+++ Extracted material +++
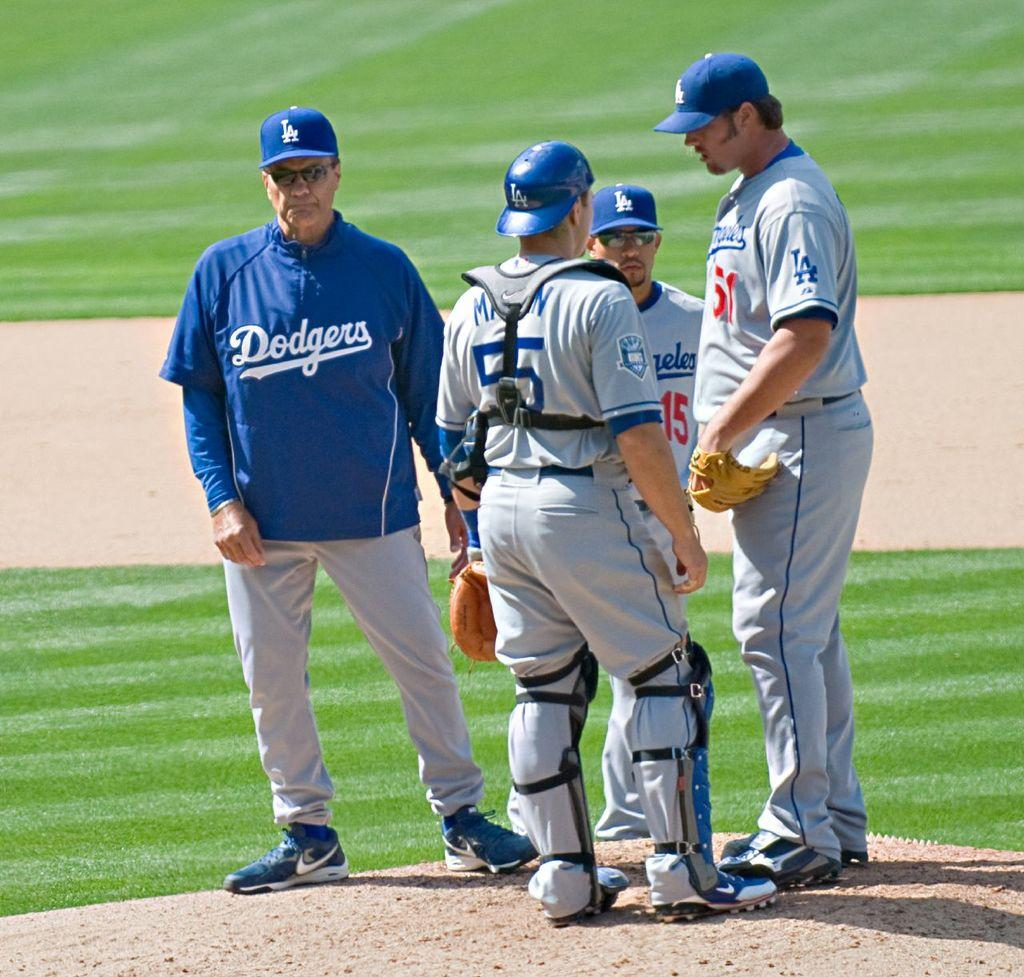Provide a one-sentence caption for the provided image. A trio of Dodgers players confer as one of their coaches looks on. 
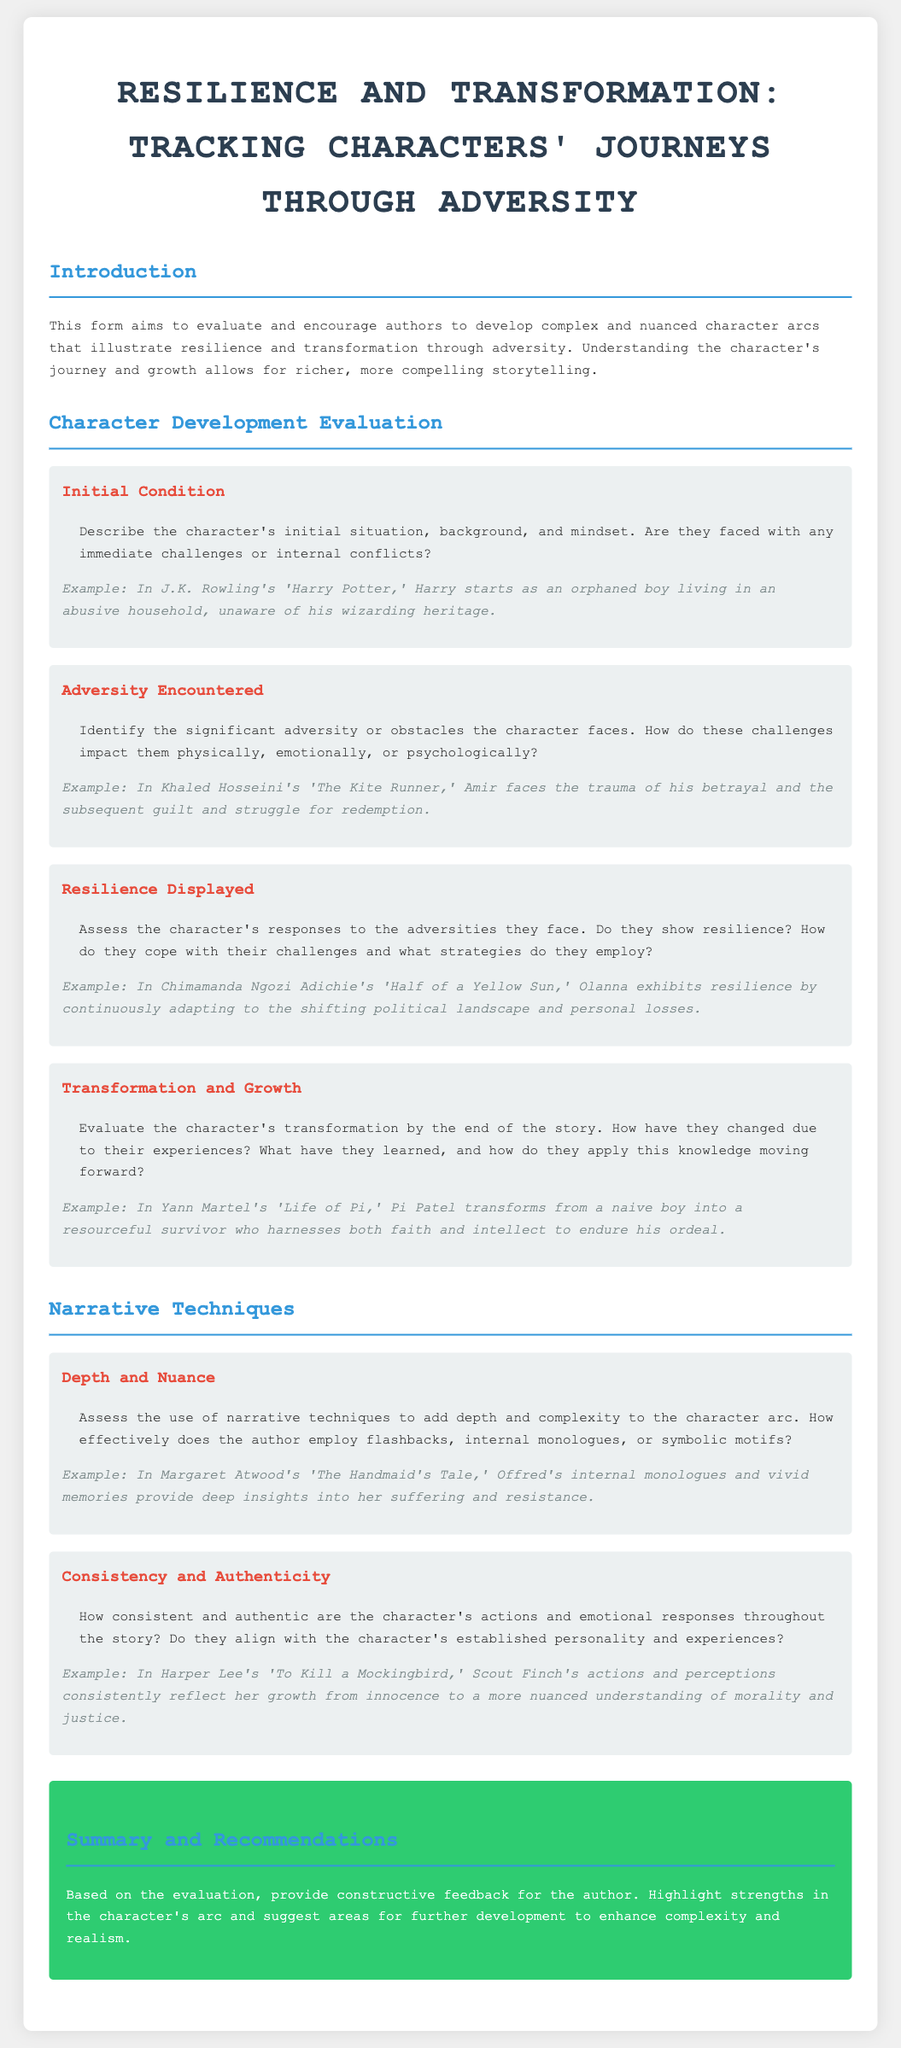What is the title of the document? The title of the document is indicated in the head section as well as the main heading.
Answer: Resilience and Transformation: Tracking Characters' Journeys Through Adversity What is the primary purpose of this form? The purpose is described in the introduction, focusing on character arcs and storytelling.
Answer: To evaluate and encourage authors to develop complex and nuanced character arcs What is the first category evaluated under Character Development? The categories are listed under Character Development Evaluation, the first being Initial Condition.
Answer: Initial Condition Which author and title is used as an example for the Resilience Displayed category? The example can be found in the Resilience Displayed section and is specifically noted.
Answer: Half of a Yellow Sun What technique does the document mention to add depth and complexity? This is specified in the Depth and Nuance section, focusing on narrative techniques.
Answer: Flashbacks, internal monologues, or symbolic motifs What character does the document reference in the Initial Condition example? The example is provided in the Initial Condition category, highlighting a well-known character.
Answer: Harry Potter How is transformation assessed in the character arc? This is described in the Transformation and Growth section, focusing on specific questions.
Answer: Evaluate the character's transformation by the end of the story What color is used for the summary section in the document? The summary section is highlighted with a specific background color noted in the styles section.
Answer: Green 
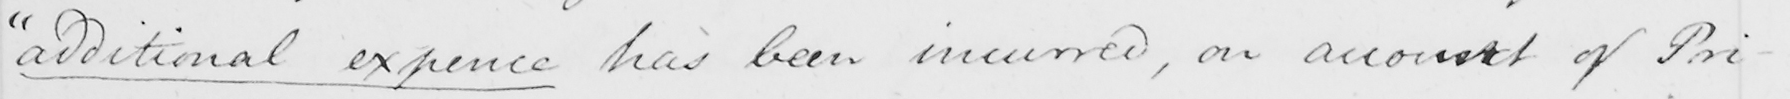What text is written in this handwritten line? " additional expence has been incurred , on account of Pri- 
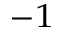Convert formula to latex. <formula><loc_0><loc_0><loc_500><loc_500>^ { - 1 }</formula> 
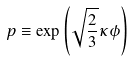<formula> <loc_0><loc_0><loc_500><loc_500>p \equiv \exp \left ( \sqrt { \frac { 2 } { 3 } } \kappa \phi \right )</formula> 
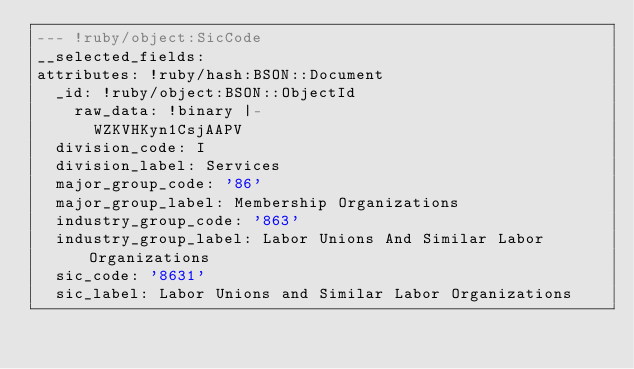Convert code to text. <code><loc_0><loc_0><loc_500><loc_500><_YAML_>--- !ruby/object:SicCode
__selected_fields: 
attributes: !ruby/hash:BSON::Document
  _id: !ruby/object:BSON::ObjectId
    raw_data: !binary |-
      WZKVHKyn1CsjAAPV
  division_code: I
  division_label: Services
  major_group_code: '86'
  major_group_label: Membership Organizations
  industry_group_code: '863'
  industry_group_label: Labor Unions And Similar Labor Organizations
  sic_code: '8631'
  sic_label: Labor Unions and Similar Labor Organizations
</code> 
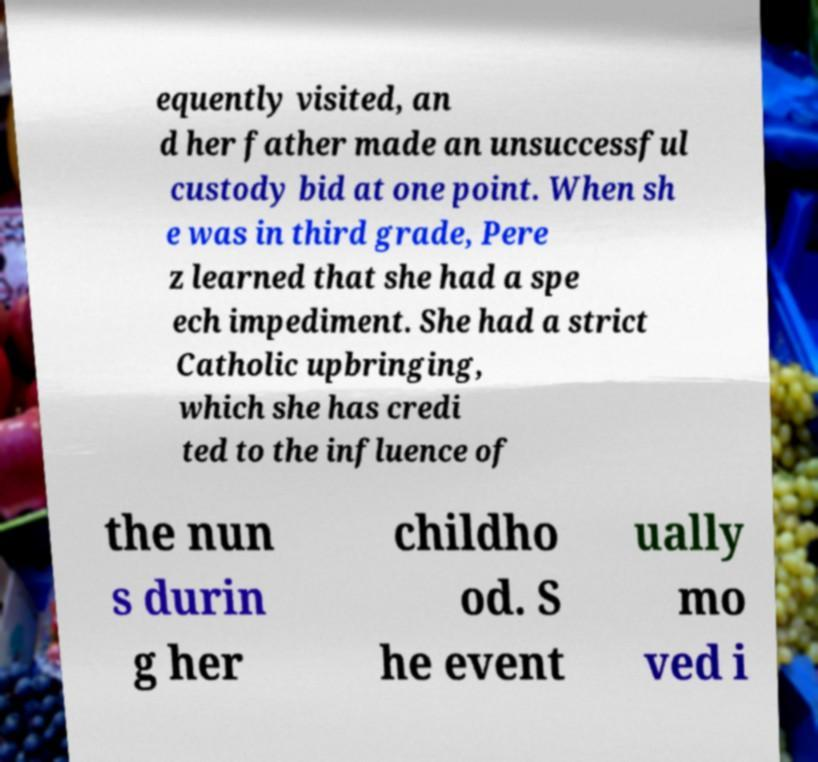Please identify and transcribe the text found in this image. equently visited, an d her father made an unsuccessful custody bid at one point. When sh e was in third grade, Pere z learned that she had a spe ech impediment. She had a strict Catholic upbringing, which she has credi ted to the influence of the nun s durin g her childho od. S he event ually mo ved i 
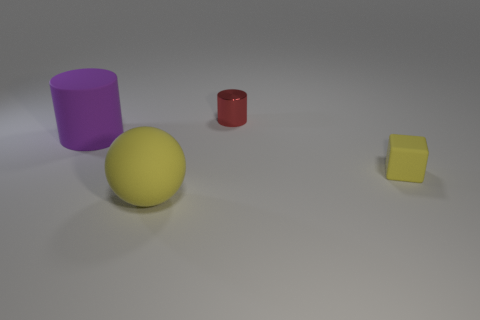Is there any other thing that has the same material as the red cylinder?
Keep it short and to the point. No. There is a matte object that is the same shape as the red metal thing; what size is it?
Give a very brief answer. Large. What size is the matte sphere that is the same color as the small matte thing?
Provide a succinct answer. Large. There is a big object that is right of the big cylinder; does it have the same shape as the small rubber object?
Provide a succinct answer. No. There is a red cylinder that is to the right of the matte sphere; what material is it?
Offer a terse response. Metal. There is a small matte thing that is the same color as the big sphere; what is its shape?
Your answer should be very brief. Cube. Is there a purple thing that has the same material as the cube?
Ensure brevity in your answer.  Yes. What is the size of the purple cylinder?
Provide a short and direct response. Large. What number of red things are either balls or small objects?
Ensure brevity in your answer.  1. What number of other small red things have the same shape as the tiny metallic thing?
Offer a very short reply. 0. 
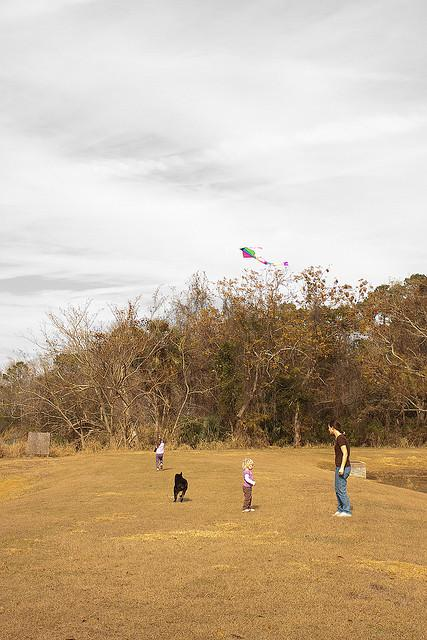What breed dog it is? Please explain your reasoning. cane corso. The dog is black with upright ears which is typical of a cane corso dog. 
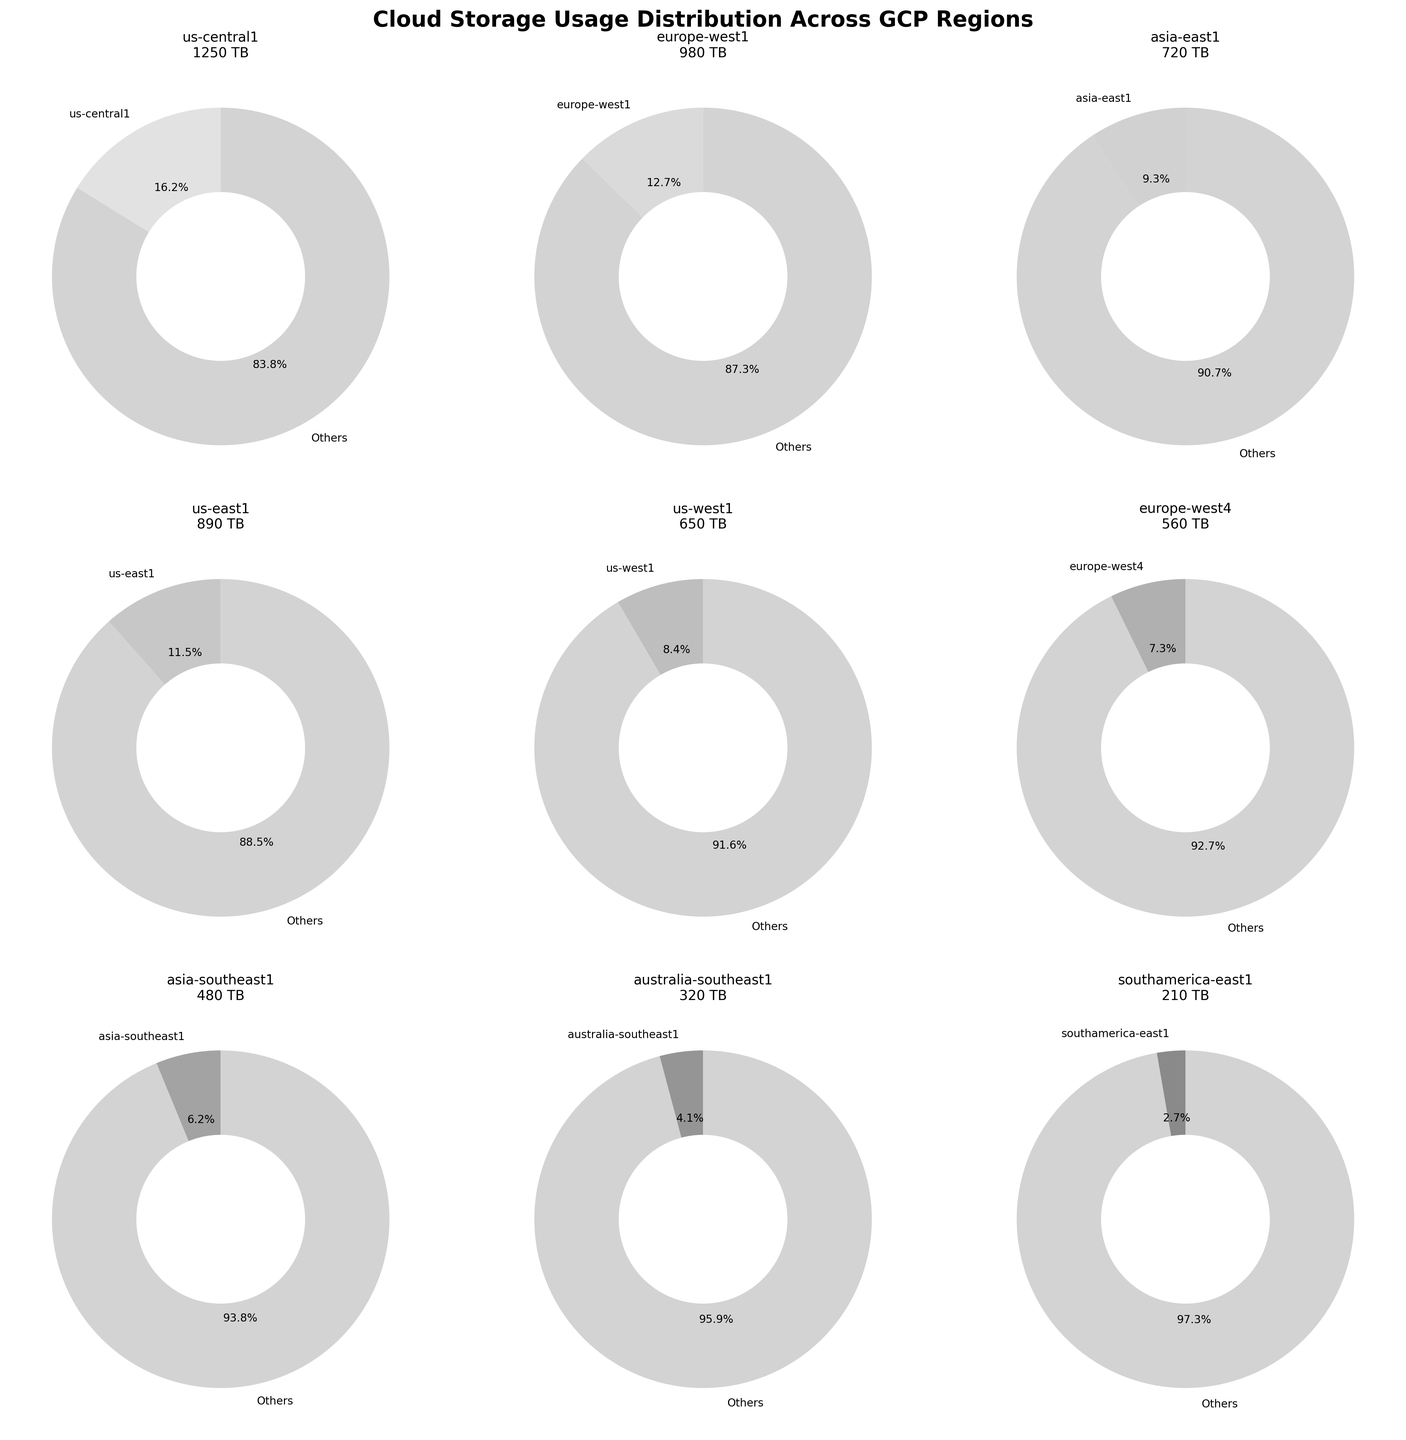What's the title of the figure? The title is usually located at the top of the figure. Reading it directly gives us "Cloud Storage Usage Distribution Across GCP Regions".
Answer: Cloud Storage Usage Distribution Across GCP Regions How many regions are displayed in the pie charts? Each pie chart represents one GCP region. Counting the number of pie charts in the subplot grid gives us the total number of regions.
Answer: 9 Which region has the highest storage usage? By looking at each pie chart and noting the numbers, "us-central1" stands out with the highest storage usage.
Answer: us-central1 What percentage of the total storage usage is used by the 'us-central1' region? The pie chart for 'us-central1' shows a percentage value. This can be read directly from the figure.
Answer: 28.2% What is the combined storage usage for the regions in the first row of the subplot grid? Add the values from the first row (us-central1, europe-west1, asia-east1). Reading off the individual values 1250 TB, 980 TB, and 720 TB and summing them gives 1250 + 980 + 720.
Answer: 2950 TB Which region has a higher storage usage, 'europe-west4' or 'asia-southeast1'? Comparing the pie charts and associated usage values directly, 560 TB for 'europe-west4' and 480 TB for 'asia-southeast1'.
Answer: europe-west4 How does the storage usage of the 'us-west1' region compare to 'europe-west4' and 'asia-southeast1' combined? Sum the values for 'europe-west4' (560 TB) and 'asia-southeast1' (480 TB), which gives 560 + 480. Compare this sum to 'us-west1's value, 650 TB.
Answer: Less Which region in the second row of the subplot grid uses the least storage? Comparing the pie charts in the second row and their usage values (us-east1 - 890 TB, us-west1 - 650 TB, europe-west4 - 560 TB), 'europe-west4' uses the least storage.
Answer: europe-west4 What's the difference in storage usage between 'us-east1' and 'us-west1'? Subtract the storage usage of 'us-west1' (650 TB) from 'us-east1' (890 TB): 890 - 650.
Answer: 240 TB
+++
Give back the material exactly as written, from its first line to the line that contains "Answer: Resilience and", and leave out the pictures.

# Task solution
Provide a one-sentence caption for the provided image. A trio of Dodgers players confer as one of their coaches looks on. 
What is the title of the document? The title of the document is indicated in the head section as well as the main heading.
Answer: Resilience and Transformation: Tracking Characters' Journeys Through Adversity What is the primary purpose of this form? The purpose is described in the introduction, focusing on character arcs and storytelling.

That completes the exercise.